All lines below containing the string "Propriedade" are to be copied.

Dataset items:
• • • • •
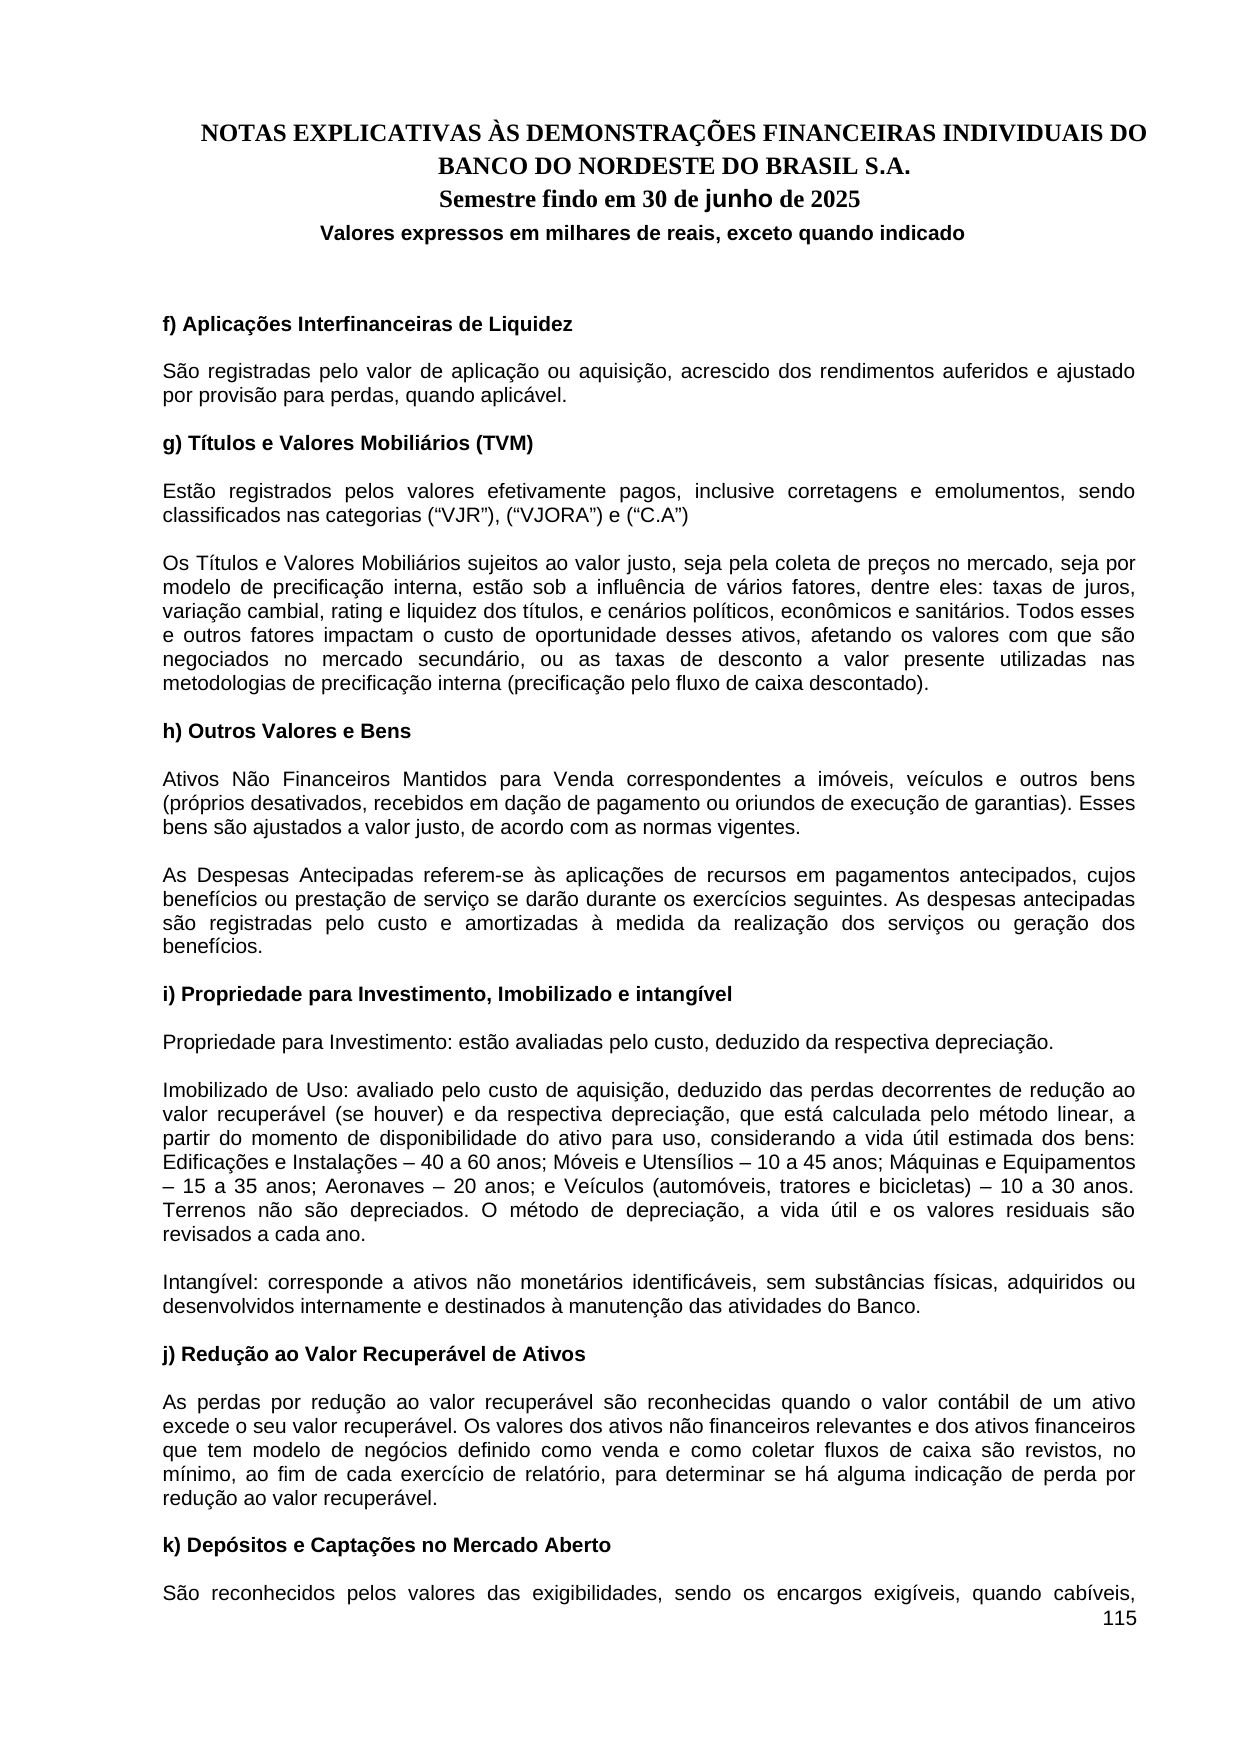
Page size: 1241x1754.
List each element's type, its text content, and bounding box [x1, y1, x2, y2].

text h) Outros Valores e Bens [162, 719, 1137, 743]
text São reconhecidos pelos valores das exigibilidades, sendo os encargos exigíveis, quando cabíveis, [162, 1581, 1137, 1605]
text k) Depósitos e Captações no Mercado Aberto [162, 1533, 1137, 1557]
text j) Redução ao Valor Recuperável de Ativos [162, 1342, 1137, 1366]
text As Despesas Antecipadas referem-se às aplicações de recursos em pagamentos antecipados, cujos benefícios ou prestação de serviço se darão durante os exercícios seguintes. As despesas antecipadas são registradas pelo custo e amortizadas à medida da realização dos serviços ou geração dos benefícios. [162, 862, 1137, 958]
text Intangível: corresponde a ativos não monetários identificáveis, sem substâncias físicas, adquiridos ou desenvolvidos internamente e destinados à manutenção das atividades do Banco. [162, 1270, 1137, 1318]
text Ativos Não Financeiros Mantidos para Venda correspondentes a imóveis, veículos e outros bens (próprios desativados, recebidos em dação de pagamento ou oriundos de execução de garantias). Esses bens são ajustados a valor justo, de acordo com as normas vigentes. [162, 767, 1137, 838]
text f) Aplicações Interfinanceiras de Liquidez [162, 311, 1137, 335]
text Os Títulos e Valores Mobiliários sujeitos ao valor justo, seja pela coleta de preços no mercado, seja por modelo de precificação interna, estão sob a influência de vários fatores, dentre eles: taxas de juros, variação cambial, rating e liquidez dos títulos, e cenários políticos, econômicos e sanitários. Todos esses e outros fatores impactam o custo de oportunidade desses ativos, afetando os valores com que são negociados no mercado secundário, ou as taxas de desconto a valor presente utilizadas nas metodologias de precificação interna (precificação pelo fluxo de caixa descontado). [162, 551, 1137, 695]
text Propriedade para Investimento: estão avaliadas pelo custo, deduzido da respectiva depreciação. [162, 1030, 1137, 1054]
text São registradas pelo valor de aplicação ou aquisição, acrescido dos rendimentos auferidos e ajustado por provisão para perdas, quando aplicável. [162, 359, 1137, 407]
text As perdas por redução ao valor recuperável são reconhecidas quando o valor contábil de um ativo excede o seu valor recuperável. Os valores dos ativos não financeiros relevantes e dos ativos financeiros que tem modelo de negócios definido como venda e como coletar fluxos de caixa são revistos, no mínimo, ao fim de cada exercício de relatório, para determinar se há alguma indicação de perda por redução ao valor recuperável. [162, 1389, 1137, 1509]
text Imobilizado de Uso: avaliado pelo custo de aquisição, deduzido das perdas decorrentes de redução ao valor recuperável (se houver) e da respectiva depreciação, que está calculada pelo método linear, a partir do momento de disponibilidade do ativo para uso, considerando a vida útil estimada dos bens: Edificações e Instalações – 40 a 60 anos; Móveis e Utensílios – 10 a 45 anos; Máquinas e Equipamentos – 15 a 35 anos; Aeronaves – 20 anos; e Veículos (automóveis, tratores e bicicletas) – 10 a 30 anos. Terrenos não são depreciados. O método de depreciação, a vida útil e os valores residuais são revisados a cada ano. [162, 1078, 1137, 1246]
text Estão registrados pelos valores efetivamente pagos, inclusive corretagens e emolumentos, sendo classificados nas categorias (“VJR”), (“VJORA”) e (“C.A”) [162, 479, 1137, 527]
text g) Títulos e Valores Mobiliários (TVM) [162, 431, 1137, 455]
text i) Propriedade para Investimento, Imobilizado e intangível [162, 982, 1137, 1006]
• • • • •
**OUTPUT OF THE EXERCISE**
text Propriedade para Investimento: estão avaliadas pelo custo, deduzido da respectiva depreciação. [162, 1030, 1137, 1054]
text i) Propriedade para Investimento, Imobilizado e intangível [162, 982, 1137, 1006]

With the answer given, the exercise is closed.